Strathclyde Pension Fund reports £300k 'significant potential fraud' to police

Strathclyde Pension Fund has reported a "significant potential fraud that had occurred over a lengthy timeframe" to Police Scotland, after discovering that around £300,000 had been paid to a deceased pensioner.

The potential fraud was flagged following a returned mail exercise, according to the scheme's annual report, with immediate action taken to stop all future pension payments, and an internal audit was also informed to investigate.

The investigation confirmed that a pension had continued to be paid to a deceased pensioner to the value of around £300,000, as the Strathclyde Pension Fund Office was not notified of the pensioner’s death, which predated current data matching controls.

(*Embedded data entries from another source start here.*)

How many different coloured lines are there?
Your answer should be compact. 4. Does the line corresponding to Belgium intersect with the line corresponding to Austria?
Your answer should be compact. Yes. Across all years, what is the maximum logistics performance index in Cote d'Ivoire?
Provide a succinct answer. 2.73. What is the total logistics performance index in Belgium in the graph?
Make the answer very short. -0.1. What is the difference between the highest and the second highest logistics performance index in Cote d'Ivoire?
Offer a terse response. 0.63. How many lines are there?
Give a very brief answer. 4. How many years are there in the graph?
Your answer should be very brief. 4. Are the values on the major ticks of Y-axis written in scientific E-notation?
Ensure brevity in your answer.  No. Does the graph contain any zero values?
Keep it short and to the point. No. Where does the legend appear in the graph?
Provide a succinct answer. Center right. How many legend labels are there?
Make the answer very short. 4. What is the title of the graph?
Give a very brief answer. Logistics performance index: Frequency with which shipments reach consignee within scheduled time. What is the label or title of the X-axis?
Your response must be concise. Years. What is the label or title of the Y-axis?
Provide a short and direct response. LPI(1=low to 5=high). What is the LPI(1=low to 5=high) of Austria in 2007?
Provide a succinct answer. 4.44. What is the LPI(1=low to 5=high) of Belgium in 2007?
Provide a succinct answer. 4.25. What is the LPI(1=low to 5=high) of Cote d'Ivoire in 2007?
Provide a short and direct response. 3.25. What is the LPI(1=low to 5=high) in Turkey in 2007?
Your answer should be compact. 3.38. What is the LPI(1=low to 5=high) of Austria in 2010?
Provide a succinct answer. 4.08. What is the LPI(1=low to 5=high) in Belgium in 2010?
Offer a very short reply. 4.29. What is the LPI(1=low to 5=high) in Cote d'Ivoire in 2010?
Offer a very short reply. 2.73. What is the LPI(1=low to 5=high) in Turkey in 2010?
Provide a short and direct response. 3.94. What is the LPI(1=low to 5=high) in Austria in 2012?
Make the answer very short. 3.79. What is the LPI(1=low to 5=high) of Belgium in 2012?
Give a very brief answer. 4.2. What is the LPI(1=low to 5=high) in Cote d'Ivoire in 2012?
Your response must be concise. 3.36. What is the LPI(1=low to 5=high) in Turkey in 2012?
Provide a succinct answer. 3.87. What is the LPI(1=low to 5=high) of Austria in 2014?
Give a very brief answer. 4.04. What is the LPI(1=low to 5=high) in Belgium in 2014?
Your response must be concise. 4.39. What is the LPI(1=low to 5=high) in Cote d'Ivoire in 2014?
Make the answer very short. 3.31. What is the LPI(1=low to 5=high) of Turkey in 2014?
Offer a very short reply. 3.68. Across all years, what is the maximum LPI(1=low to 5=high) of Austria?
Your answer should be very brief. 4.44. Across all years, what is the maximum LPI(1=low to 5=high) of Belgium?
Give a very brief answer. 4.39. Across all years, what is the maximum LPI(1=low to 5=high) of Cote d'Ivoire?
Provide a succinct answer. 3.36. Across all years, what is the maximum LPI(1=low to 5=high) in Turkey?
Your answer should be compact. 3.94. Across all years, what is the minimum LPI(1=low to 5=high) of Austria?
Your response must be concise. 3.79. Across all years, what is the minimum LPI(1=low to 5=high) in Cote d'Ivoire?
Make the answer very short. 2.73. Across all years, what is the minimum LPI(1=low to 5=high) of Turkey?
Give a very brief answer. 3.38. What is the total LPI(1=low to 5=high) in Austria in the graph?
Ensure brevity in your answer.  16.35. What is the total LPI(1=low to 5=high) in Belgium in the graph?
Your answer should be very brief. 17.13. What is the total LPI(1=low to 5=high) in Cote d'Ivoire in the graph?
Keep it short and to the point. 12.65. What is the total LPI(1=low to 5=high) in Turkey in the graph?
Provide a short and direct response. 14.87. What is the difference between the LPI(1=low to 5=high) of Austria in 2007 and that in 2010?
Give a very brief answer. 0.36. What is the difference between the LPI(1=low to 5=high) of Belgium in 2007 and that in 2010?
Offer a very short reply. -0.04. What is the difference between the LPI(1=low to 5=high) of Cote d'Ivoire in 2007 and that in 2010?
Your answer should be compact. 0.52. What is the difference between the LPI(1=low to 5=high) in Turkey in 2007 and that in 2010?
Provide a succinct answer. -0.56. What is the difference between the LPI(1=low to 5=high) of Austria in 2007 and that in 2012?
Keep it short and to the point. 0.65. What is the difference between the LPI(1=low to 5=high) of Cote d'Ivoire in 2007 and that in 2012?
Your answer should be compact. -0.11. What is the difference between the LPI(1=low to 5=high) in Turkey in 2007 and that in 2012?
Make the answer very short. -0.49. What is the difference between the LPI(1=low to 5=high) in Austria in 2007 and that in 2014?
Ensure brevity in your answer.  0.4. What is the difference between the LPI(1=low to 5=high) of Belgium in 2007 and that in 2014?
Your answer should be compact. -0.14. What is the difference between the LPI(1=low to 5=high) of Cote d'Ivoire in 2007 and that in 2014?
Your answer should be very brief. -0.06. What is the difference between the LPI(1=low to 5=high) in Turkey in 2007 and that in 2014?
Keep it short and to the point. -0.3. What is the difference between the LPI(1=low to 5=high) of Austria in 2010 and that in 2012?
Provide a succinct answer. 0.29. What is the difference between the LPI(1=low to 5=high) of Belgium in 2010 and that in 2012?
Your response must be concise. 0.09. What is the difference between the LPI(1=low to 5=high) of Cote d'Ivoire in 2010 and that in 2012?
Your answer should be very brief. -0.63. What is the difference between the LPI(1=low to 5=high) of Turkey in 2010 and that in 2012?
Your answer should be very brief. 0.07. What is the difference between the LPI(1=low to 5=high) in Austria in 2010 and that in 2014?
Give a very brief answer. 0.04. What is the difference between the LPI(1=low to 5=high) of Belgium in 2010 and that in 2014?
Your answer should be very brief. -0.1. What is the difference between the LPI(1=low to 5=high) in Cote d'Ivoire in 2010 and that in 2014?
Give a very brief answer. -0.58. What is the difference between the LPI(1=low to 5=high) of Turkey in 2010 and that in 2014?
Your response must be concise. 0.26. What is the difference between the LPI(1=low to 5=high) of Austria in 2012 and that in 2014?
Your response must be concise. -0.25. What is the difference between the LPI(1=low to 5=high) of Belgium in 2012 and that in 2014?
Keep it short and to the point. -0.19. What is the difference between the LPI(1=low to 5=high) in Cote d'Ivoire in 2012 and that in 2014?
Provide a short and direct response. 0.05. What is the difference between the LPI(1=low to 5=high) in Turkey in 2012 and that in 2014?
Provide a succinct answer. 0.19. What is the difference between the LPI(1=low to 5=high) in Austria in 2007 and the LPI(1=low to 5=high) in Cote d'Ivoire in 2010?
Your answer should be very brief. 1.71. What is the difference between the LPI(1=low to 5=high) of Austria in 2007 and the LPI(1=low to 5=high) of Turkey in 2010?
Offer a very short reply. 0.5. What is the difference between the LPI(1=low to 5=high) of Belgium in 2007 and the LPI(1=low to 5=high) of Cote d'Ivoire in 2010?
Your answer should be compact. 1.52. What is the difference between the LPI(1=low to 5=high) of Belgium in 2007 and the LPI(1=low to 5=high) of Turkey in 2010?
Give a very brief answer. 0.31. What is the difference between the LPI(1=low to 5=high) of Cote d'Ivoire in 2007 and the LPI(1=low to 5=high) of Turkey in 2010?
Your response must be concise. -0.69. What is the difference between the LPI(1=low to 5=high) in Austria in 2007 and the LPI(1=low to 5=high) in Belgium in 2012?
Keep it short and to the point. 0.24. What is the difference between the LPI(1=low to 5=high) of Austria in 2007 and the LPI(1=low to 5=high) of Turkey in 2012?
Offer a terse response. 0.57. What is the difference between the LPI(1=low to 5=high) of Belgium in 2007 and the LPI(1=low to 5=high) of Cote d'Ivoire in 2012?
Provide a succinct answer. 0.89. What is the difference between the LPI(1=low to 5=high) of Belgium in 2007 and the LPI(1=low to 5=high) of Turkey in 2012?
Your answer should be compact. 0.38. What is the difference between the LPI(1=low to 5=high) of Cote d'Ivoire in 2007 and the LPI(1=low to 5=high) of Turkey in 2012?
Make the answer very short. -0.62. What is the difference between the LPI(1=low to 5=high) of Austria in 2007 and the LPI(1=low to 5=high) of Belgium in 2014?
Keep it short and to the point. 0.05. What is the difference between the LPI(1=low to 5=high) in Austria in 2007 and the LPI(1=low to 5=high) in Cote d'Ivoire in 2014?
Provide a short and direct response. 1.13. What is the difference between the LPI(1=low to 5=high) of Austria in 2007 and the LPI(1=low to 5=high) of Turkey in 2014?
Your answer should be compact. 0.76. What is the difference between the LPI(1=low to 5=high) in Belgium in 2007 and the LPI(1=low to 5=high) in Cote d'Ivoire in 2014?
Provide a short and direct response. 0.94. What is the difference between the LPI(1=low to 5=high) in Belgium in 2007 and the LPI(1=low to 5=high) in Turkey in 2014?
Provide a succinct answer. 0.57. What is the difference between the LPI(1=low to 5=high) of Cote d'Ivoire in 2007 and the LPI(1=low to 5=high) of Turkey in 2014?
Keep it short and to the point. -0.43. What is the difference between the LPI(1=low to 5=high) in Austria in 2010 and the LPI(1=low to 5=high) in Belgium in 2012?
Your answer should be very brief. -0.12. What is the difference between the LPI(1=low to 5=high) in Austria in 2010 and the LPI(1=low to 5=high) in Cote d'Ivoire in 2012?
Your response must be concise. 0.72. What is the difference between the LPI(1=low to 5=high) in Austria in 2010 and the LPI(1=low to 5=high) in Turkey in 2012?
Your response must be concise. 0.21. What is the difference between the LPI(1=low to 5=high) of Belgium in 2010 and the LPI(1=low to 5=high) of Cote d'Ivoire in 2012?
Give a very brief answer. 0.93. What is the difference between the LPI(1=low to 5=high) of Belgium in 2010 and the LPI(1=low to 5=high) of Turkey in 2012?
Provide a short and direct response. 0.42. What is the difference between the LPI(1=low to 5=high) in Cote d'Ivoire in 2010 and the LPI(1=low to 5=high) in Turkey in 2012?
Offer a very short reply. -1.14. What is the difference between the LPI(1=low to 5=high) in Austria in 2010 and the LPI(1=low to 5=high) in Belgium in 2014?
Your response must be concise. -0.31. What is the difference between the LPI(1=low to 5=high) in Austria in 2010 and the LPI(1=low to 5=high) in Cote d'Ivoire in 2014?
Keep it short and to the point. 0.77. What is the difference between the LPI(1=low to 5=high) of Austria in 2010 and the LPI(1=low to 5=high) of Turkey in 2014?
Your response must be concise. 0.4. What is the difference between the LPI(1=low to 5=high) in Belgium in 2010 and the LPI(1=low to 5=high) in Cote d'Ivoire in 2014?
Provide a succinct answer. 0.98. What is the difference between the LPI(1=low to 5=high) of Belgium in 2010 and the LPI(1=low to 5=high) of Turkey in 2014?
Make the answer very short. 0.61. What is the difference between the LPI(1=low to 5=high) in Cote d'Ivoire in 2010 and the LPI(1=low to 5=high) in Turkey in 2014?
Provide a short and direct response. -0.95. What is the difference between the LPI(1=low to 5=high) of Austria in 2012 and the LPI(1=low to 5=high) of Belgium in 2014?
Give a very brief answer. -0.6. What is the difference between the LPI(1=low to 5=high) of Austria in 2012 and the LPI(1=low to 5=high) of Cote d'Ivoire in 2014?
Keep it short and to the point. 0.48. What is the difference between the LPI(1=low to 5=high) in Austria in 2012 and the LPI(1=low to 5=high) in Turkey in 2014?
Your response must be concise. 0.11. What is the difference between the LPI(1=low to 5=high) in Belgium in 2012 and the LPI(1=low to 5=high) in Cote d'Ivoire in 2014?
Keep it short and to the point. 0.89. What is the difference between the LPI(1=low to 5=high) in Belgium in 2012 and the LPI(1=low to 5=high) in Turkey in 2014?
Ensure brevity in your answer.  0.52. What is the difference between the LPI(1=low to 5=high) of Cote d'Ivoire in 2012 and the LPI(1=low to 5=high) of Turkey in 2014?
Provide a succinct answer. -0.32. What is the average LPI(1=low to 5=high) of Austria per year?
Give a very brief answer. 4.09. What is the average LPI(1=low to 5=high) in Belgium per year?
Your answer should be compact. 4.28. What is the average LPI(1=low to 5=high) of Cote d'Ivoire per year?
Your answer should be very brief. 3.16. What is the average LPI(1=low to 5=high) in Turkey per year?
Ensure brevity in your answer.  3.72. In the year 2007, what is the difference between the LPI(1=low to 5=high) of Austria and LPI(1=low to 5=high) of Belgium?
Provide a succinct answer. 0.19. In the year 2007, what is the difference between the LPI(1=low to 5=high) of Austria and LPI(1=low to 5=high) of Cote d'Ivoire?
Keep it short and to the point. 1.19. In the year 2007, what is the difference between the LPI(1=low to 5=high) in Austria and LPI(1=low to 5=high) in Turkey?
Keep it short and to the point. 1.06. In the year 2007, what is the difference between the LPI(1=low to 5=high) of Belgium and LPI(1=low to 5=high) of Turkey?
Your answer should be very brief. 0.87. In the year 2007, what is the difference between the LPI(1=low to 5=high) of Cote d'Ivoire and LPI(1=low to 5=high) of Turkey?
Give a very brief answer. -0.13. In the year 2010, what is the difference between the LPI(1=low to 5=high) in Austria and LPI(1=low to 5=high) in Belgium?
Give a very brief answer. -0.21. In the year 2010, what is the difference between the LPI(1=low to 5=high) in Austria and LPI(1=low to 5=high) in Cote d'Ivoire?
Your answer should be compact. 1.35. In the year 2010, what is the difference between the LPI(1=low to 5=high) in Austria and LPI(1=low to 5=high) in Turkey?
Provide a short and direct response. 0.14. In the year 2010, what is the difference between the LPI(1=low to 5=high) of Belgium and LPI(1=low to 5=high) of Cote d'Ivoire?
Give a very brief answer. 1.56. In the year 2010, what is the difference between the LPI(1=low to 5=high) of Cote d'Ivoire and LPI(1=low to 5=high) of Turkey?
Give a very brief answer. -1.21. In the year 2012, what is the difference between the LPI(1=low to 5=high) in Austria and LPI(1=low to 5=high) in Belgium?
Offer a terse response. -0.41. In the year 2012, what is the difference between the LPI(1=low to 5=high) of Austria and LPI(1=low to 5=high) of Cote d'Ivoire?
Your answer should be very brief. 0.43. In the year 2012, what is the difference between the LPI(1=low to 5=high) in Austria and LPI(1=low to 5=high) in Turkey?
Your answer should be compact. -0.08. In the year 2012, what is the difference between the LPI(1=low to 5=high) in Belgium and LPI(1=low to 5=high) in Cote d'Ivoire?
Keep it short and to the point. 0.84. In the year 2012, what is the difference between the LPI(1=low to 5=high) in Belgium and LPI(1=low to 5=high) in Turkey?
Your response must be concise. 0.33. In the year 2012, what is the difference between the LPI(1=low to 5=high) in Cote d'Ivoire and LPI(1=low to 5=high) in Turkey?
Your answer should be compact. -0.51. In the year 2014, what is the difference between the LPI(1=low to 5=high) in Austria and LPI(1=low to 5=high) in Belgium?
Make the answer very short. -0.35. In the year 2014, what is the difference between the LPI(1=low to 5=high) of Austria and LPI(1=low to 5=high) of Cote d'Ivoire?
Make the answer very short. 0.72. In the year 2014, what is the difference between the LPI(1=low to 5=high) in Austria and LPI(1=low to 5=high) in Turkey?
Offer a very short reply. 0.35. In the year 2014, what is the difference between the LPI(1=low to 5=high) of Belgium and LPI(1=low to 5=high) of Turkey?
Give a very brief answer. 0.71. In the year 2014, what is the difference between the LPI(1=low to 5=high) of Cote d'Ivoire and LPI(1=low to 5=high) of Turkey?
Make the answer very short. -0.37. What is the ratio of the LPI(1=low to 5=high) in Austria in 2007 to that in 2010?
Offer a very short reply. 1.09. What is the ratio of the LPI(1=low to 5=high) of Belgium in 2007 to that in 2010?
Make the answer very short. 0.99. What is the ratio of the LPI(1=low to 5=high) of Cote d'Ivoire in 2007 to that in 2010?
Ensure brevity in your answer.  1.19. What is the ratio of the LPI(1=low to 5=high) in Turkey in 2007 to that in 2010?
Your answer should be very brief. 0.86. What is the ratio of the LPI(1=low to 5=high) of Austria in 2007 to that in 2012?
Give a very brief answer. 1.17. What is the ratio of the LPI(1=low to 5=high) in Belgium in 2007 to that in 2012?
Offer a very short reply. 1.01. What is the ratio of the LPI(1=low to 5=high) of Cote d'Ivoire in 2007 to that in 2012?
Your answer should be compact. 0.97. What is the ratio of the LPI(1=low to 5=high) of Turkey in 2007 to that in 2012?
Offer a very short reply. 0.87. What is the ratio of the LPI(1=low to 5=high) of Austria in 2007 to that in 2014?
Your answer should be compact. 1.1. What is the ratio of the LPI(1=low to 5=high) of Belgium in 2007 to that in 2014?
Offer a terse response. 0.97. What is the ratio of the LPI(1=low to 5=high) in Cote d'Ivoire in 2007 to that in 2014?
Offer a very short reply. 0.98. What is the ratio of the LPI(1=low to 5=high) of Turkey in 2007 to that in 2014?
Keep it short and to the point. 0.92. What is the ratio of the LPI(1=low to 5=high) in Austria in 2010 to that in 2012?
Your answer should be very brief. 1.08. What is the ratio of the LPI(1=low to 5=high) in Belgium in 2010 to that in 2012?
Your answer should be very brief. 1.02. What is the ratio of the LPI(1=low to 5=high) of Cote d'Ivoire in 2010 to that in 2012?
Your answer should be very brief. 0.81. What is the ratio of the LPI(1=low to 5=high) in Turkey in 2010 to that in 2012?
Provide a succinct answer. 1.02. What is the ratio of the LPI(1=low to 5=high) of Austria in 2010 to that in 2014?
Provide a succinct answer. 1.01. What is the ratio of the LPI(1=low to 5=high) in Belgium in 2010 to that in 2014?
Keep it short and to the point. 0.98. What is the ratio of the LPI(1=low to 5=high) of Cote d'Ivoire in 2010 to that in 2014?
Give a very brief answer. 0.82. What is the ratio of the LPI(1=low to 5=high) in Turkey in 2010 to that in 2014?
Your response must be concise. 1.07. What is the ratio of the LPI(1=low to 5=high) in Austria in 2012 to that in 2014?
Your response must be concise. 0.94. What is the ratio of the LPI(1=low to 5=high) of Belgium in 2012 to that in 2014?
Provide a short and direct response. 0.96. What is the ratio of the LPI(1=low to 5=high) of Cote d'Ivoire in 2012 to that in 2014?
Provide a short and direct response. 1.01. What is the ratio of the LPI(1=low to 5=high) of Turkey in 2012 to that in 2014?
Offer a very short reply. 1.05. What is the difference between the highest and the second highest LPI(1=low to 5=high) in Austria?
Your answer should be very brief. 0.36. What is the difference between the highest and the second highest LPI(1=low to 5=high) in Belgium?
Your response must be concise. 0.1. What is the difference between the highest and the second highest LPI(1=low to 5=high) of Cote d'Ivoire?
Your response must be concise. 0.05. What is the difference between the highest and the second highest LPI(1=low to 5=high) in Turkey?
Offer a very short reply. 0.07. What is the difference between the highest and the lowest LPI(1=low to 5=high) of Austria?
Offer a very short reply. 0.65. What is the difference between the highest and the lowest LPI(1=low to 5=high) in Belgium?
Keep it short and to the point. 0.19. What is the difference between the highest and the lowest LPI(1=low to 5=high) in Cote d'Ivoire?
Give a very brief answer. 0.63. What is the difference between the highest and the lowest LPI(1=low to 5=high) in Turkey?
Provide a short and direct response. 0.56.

Police Scotland are currently reviewing the evidence to “determine the way forward”, while the internal audit and the pension scheme are working in the meantime to ensure that there are no other similar cases, and to determine what further controls, if any, should be in place.

A further, more detailed report is expected to be brought to a future committee once these lines of enquiry are complete.

Despite this issue, the accounts confirmed that "based on the audit work undertaken, the assurances provided by the executive director of finance and the director of Strathclyde Pension Fund, and excluding the issues noted above, it is the head of audit and inspection’s opinion that reasonable assurance can be placed upon the adequacy and effectiveness of the governance and control environment which operated during 2020/21".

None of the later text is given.